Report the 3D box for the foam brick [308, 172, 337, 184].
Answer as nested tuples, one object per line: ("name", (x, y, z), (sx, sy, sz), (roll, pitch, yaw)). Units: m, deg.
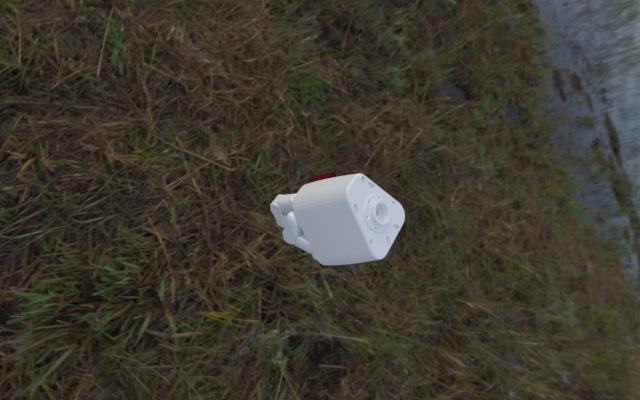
("foam brick", (0.000, 0.002, 0.723), (0.051, 0.053, 0.078), (-12, 35, 48))
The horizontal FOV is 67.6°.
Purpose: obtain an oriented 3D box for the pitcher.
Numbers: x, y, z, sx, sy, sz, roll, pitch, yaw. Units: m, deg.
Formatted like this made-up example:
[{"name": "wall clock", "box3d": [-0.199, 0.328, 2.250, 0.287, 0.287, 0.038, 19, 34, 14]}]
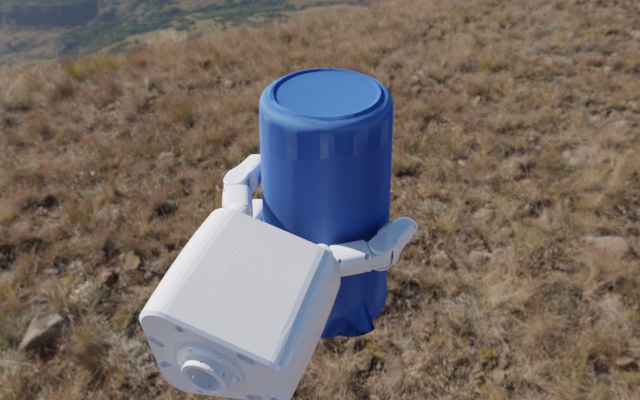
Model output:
[{"name": "pitcher", "box3d": [0.000, 0.002, 0.460, 0.149, 0.243, 0.145, 12, 40, 15]}]
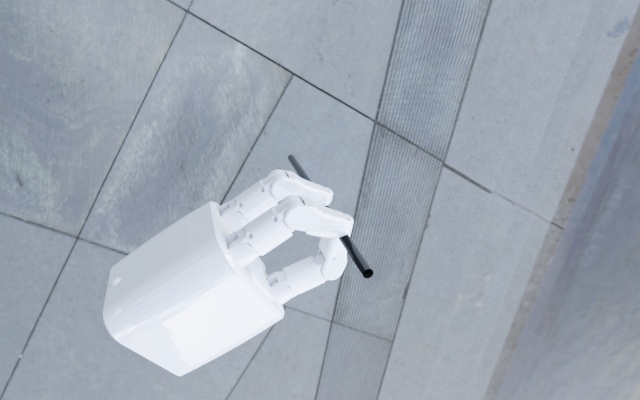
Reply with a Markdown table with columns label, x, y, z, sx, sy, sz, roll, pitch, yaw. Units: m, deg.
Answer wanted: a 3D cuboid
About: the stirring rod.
| label | x | y | z | sx | sy | sz | roll | pitch | yaw |
| --- | --- | --- | --- | --- | --- | --- | --- | --- | --- |
| stirring rod | 0.000 | 0.001 | 0.440 | 0.011 | 0.011 | 0.239 | 0 | 25 | -18 |
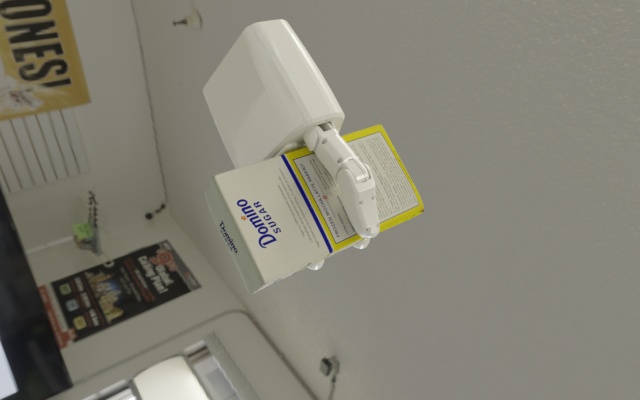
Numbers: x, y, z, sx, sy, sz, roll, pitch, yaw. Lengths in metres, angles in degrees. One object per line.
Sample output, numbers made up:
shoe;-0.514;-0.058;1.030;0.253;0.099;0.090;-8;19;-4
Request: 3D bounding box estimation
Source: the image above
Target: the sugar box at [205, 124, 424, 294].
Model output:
sugar box;0.000;0.001;0.411;0.176;0.093;0.048;-21;-11;-30
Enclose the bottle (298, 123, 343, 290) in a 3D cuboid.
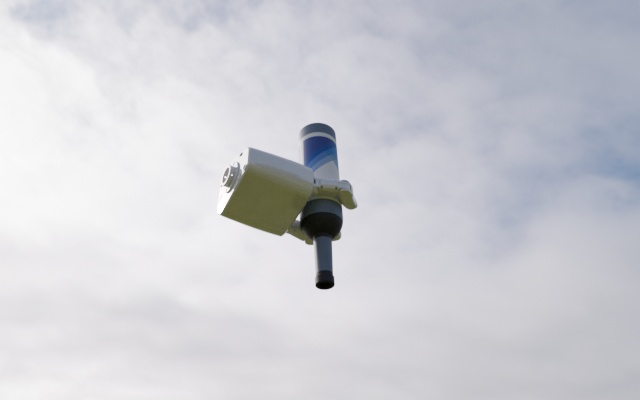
[{"bbox_3d":[0.000,0.002,0.754,0.069,0.295,0.069,-2,-38,-1],"label":"bottle"}]
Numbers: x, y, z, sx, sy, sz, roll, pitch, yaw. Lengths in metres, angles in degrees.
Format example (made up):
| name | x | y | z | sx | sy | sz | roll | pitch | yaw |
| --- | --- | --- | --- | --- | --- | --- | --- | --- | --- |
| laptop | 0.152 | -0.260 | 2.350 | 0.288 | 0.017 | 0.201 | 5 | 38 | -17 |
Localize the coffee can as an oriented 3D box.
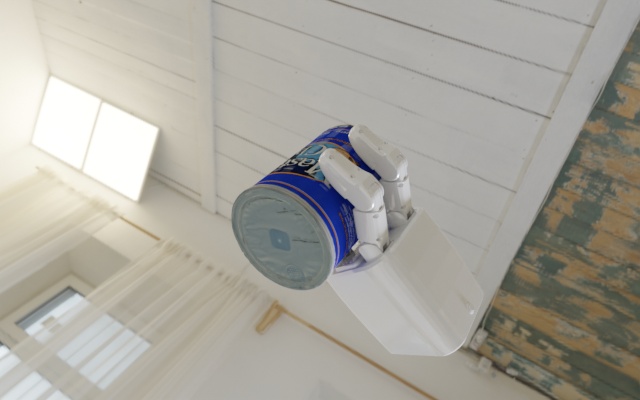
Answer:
| name | x | y | z | sx | sy | sz | roll | pitch | yaw |
| --- | --- | --- | --- | --- | --- | --- | --- | --- | --- |
| coffee can | 0.000 | 0.001 | 0.450 | 0.103 | 0.103 | 0.140 | 0 | 28 | 35 |
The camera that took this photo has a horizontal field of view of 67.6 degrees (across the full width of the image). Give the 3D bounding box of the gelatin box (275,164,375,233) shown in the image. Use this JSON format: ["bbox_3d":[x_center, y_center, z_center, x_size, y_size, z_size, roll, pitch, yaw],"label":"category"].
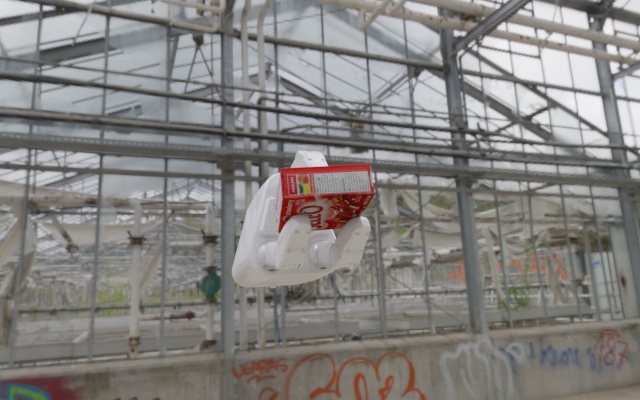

EXERCISE AIM ::
Repeat the material above verbatim. Leave the pictures behind.

REPLY ::
Report the 3D box for the foam brick [308, 172, 337, 184].
Answer as nested tuples, one object per line: ("name", (x, y, z), (sx, sy, sz), (roll, pitch, yaw)). Units: m, deg.
("foam brick", (0.000, 0.002, 0.723), (0.051, 0.053, 0.078), (-12, 35, 48))
The horizontal FOV is 67.6°.
Purpose: obtain an oriented 3D box for the pitcher.
Numbers: x, y, z, sx, sy, sz, roll, pitch, yaw. Units: m, deg.
Formatted like this made-up example:
[{"name": "wall clock", "box3d": [-0.199, 0.328, 2.250, 0.287, 0.287, 0.038, 19, 34, 14]}]
Model output:
[{"name": "pitcher", "box3d": [0.000, 0.002, 0.460, 0.149, 0.243, 0.145, 12, 40, 15]}]
Reply with a Markdown table with columns label, x, y, z, sx, sy, sz, roll, pitch, yaw. Units: m, deg.
Answer wanted: a 3D cuboid
About: the stirring rod.
| label | x | y | z | sx | sy | sz | roll | pitch | yaw |
| --- | --- | --- | --- | --- | --- | --- | --- | --- | --- |
| stirring rod | 0.000 | 0.001 | 0.440 | 0.011 | 0.011 | 0.239 | 0 | 25 | -18 |
Numbers: x, y, z, sx, sy, sz, roll, pitch, yaw. Lengths in metres, angles in degrees. One object per line.
Sample output, numbers made up:
shoe;-0.514;-0.058;1.030;0.253;0.099;0.090;-8;19;-4
Request: 3D bounding box estimation
Source: the image above
Target: the sugar box at [205, 124, 424, 294].
Model output:
sugar box;0.000;0.001;0.411;0.176;0.093;0.048;-21;-11;-30
Enclose the bottle (298, 123, 343, 290) in a 3D cuboid.
[{"bbox_3d":[0.000,0.002,0.754,0.069,0.295,0.069,-2,-38,-1],"label":"bottle"}]
Numbers: x, y, z, sx, sy, sz, roll, pitch, yaw. Lengths in metres, angles in degrees.
Format example (made up):
| name | x | y | z | sx | sy | sz | roll | pitch | yaw |
| --- | --- | --- | --- | --- | --- | --- | --- | --- | --- |
| laptop | 0.152 | -0.260 | 2.350 | 0.288 | 0.017 | 0.201 | 5 | 38 | -17 |
Localize the coffee can as an oriented 3D box.
Answer:
| name | x | y | z | sx | sy | sz | roll | pitch | yaw |
| --- | --- | --- | --- | --- | --- | --- | --- | --- | --- |
| coffee can | 0.000 | 0.001 | 0.450 | 0.103 | 0.103 | 0.140 | 0 | 28 | 35 |
The camera that took this photo has a horizontal field of view of 67.6 degrees (across the full width of the image). Give the 3D bounding box of the gelatin box (275,164,375,233) shown in the image. Use this JSON format: ["bbox_3d":[x_center, y_center, z_center, x_size, y_size, z_size, roll, pitch, yaw],"label":"category"].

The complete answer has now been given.